There is a bit of synchronicity here because I have been reading Iris Murdoch's early novels in sequence this year and I discovered through this book that A.S. Byatt has written another book about Iris Murdoch's early novels called Degrees of Freedom. I can't wait to read it.
I really like the format of Imagining Characters because each discussion is preceded by a summary of the novel. I write my own summaries but it is always helpful to see someone else's as we all focus on different things or encapsulate them in different terms and these help jog the memory for some of the foggier aspects of the novels under discussion. The conversations are very detailed and include many quotations or readings from the texts and from other commentaries.
Their enthusiasm and love of reading shines through in every sentence.
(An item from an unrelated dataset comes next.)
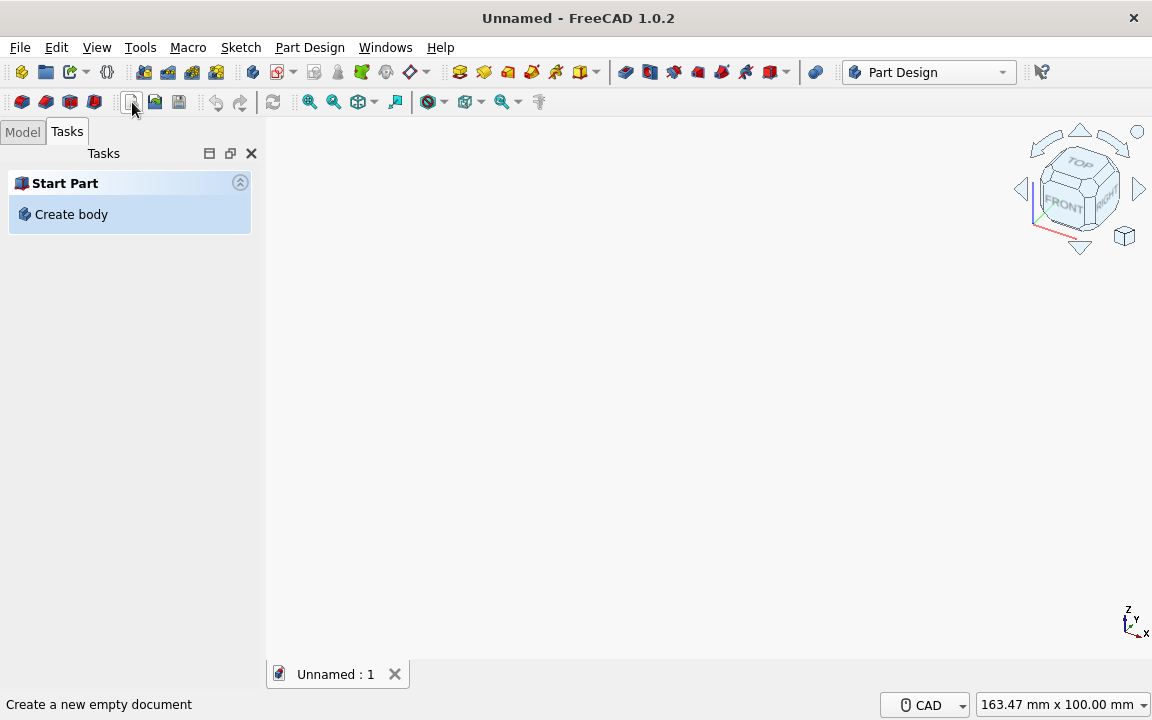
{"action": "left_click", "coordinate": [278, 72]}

Antonia Byatt in particular frequently refers to the feelings she first had as a young girl while reading these books. I find this very refreshing. The novels under discussion were real page-turners for me, which is one of the reasons I love them, but that thrill of reading is often forgotten when such books come under serious discussion by professional critics.
I studied Mansfield Park at university so I know it quite well but I gained some fresh insights from this discussion and at times I was quite awestruck by some of the things Antonia said. I had to read it very slowly, a few pages at a time, because I found it very dense and packed with ideas that I had to pause and think about.
Antonia Byatt has previously struck me as somewhat dry and intellectual and I suppose she is but I have certainly refined my opinion of her after reading this book. The only piece of fiction I've read by her is The Virgin in the Garden and that was a long time ago, so far in the mists of time that I can scarcely recall what made me buy it, but I still remember the impression it made on me, which was that she was incredibly clever and probably too clever for me to fully grasp what the novel was about. I see a more passionate and earthy side of her now and I am definitely going to check out more of her fiction very soon.
I have to read a few more of the novels discussed in the essays(6 I think). I have never read any George Elliot or Jane Austin(I know I should be beaten.)So it will be awhile before this moves to the read shelf.